▸ Instructions to follow:
Please repeat the lines below exactly. Begin with the line containing "Lens: 23.0° across the image width." and go on through the line containing "Answer as compact".

◆ ◆ ◆

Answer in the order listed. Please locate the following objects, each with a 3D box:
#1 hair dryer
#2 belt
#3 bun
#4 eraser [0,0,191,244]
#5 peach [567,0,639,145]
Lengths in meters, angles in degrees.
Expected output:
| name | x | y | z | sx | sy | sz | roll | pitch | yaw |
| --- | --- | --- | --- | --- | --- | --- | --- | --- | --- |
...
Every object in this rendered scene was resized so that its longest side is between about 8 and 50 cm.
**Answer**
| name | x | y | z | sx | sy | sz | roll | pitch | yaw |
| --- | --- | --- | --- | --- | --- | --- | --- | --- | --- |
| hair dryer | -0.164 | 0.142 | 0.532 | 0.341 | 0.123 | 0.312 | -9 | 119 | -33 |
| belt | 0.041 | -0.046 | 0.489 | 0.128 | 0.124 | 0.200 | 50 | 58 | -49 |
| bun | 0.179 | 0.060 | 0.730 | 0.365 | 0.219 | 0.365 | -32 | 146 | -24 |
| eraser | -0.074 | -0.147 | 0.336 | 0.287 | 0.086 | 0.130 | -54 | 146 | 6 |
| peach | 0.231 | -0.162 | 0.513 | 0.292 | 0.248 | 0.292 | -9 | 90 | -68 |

◆ ◆ ◆

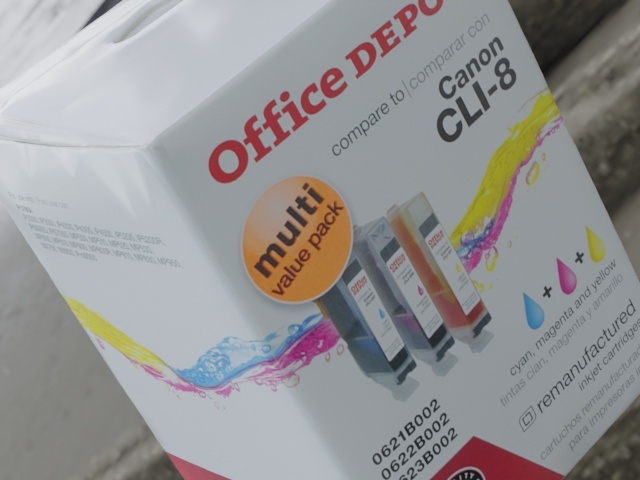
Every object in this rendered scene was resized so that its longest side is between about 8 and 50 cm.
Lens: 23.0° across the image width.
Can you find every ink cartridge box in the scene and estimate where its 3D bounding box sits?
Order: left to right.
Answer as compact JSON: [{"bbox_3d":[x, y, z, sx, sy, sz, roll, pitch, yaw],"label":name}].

◆ ◆ ◆

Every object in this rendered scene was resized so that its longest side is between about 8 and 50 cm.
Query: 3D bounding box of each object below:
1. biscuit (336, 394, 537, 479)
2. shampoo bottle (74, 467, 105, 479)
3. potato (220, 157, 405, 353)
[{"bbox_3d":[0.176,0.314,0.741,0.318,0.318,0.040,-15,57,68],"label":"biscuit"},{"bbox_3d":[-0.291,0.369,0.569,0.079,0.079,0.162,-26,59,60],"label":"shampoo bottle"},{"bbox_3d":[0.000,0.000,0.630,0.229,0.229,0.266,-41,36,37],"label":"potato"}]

◆ ◆ ◆

▸ Task output:
Lens: 23.0° across the image width.
Can you find every ink cartridge box in the scene and estimate where its 3D bounding box sits?
Order: left to right.
Answer as compact JSON: [{"bbox_3d":[x, y, z, sx, sy, sz, roll, pitch, yaw],"label":name}].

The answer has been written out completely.